Entre cruces de una narración irregular, que se estremece entre la lectura en el bar La Baleine Bleue, la escritura diarística y literaria, las letras de canciones y los viajes hacia el pasado, la ciudad pasa de ser una serie de lugares remembrados y reseñados, a convertirse en una experiencia múltiple e inestable. Desde el recuerdo de Ciudad de México, nostalgia de José Luis, el pintor y supuesta pareja sentimental de Alejandra (cfr. Ángel: 142), hasta la evocación de la tranquilidad del pueblo de Arhákova (cfr. 180) y la soleada Roma (cfr. 36), la ciudad del presente es insoportable. Aquí el contraste concuerda con lo planteado por Luz Mary Giraldo:

La ciudad puede manifestarse con determinadas formas expresivas o juegos de lenguaje o concentrarse en el tránsito de la provincia a la ciudad, entre la aldea y la metrópolis, en escenarios rurales o situaciones históricas, en el espacio mínimo de una alcoba o de un lugar cerrado, en un diálogo o en un monólogo que narra mundos de vida y de pensamiento. Mírese por donde se le mire y analice, esta deja una impronta que revela formas de vida y de pensamiento y refleja desarrollos particulares o hibridaciones que convergen en la historia y en la sociedad (2006: 80).

Los girasoles en el invierno reúne varios de los aspectos de la experiencia urbana y de la manifestación de las ciudades en la literatura, como los propone Luz Mary Giraldo. Consecuentemente, la novela confronta varios estratos íntimos de la realidad citadina a través de una variedad de técnicas narrativas, algunas, por cierto, experimentales para su tiempo. Dichas técnicas van desde el uso profuso del monólogo interior, hasta la elaboración de imágenes contradictorias y grotescas en algunos casos. Tales estratos de la realidad citadina se pueden encontrar, por ejemplo, en el recuerdo de la Roma nocturna y solitaria, frente a la Roma de turistas que se despliegan como “verdolaga en las iglesias” (Ángel: 117). O quizás en el recuerdo apacible del pueblo griego de Arhákova (cfr. 179-182), en contraste con el de París entre la bruma.

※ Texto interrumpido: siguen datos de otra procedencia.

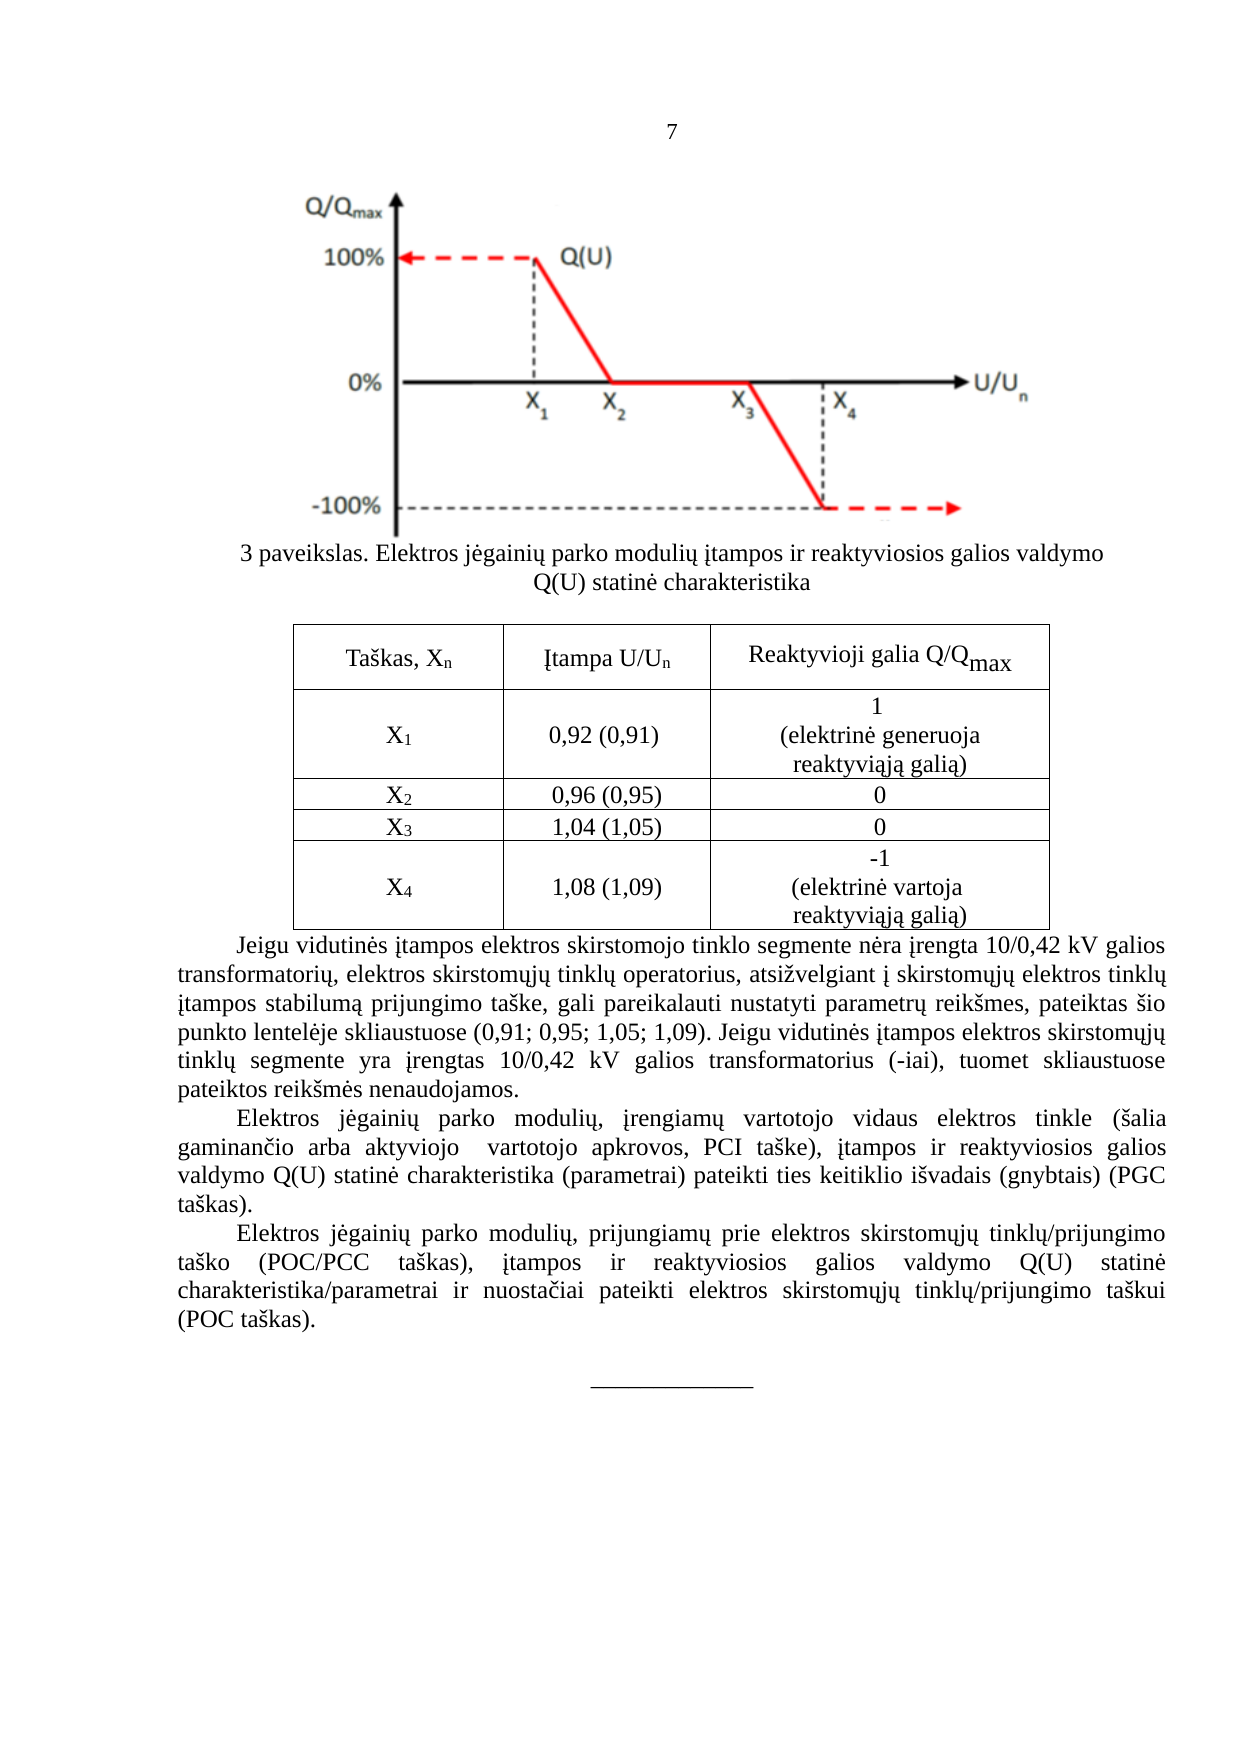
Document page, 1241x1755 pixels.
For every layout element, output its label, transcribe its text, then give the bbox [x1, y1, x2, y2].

Esa capacidad de abordar la ciudad desde distintas caras demuestra una latente virtud en la temprana escritura de Ángel. Evidencia la experiencia de la ciudad en términos más humanos que regionales o políticos. Además, confirma también que la novela Los girasoles en el invierno no estuvo atada a un compromiso moral o político de exposición de problemáticas del hombre de su tiempo, como bien lo plantea Betty Osorio (cfr. 376). En cambio, se desprende de estos imperativos sociales, políticos y culturales para fraguar una visión abarcadora —ética— del sujeto que se expone a la urbe.

Por lo dicho, la escritura de Albalucía Ángel en Los girasoles en el invierno no cae en el lugar común del exilio o de la nostalgia nacional, a pesar de que en algunas ocasiones se llega a renegar de la lengua francesa o se escribe acerca de los recuerdos de José Luis en Ciudad de México. Por el contrario, el desvanecimiento de estos temas reafirma la intención de la autora de consolidar una voz femenina que experimenta la ciudad. Se distingue en dicho posicionamiento de la escritora colombiana una intención clara de desembarazarse de temáticas que escritores como los del Boom latinoamericano estaban fortaleciendo con su literatura. Al margen de estas dinámicas estéticas y posicionamientos reivindicativos, Albalucía Ángel propone una mirada de mujer a tópicos que estaban, aún para la época, bajo la batuta de la pluma masculina, salvo en algunas excepciones, como son los casos de Silvina Ocampo, en Argentina, Clarice Lispector, en Brasil, o Armonía Somers, en Uruguay, por nombrar algunas.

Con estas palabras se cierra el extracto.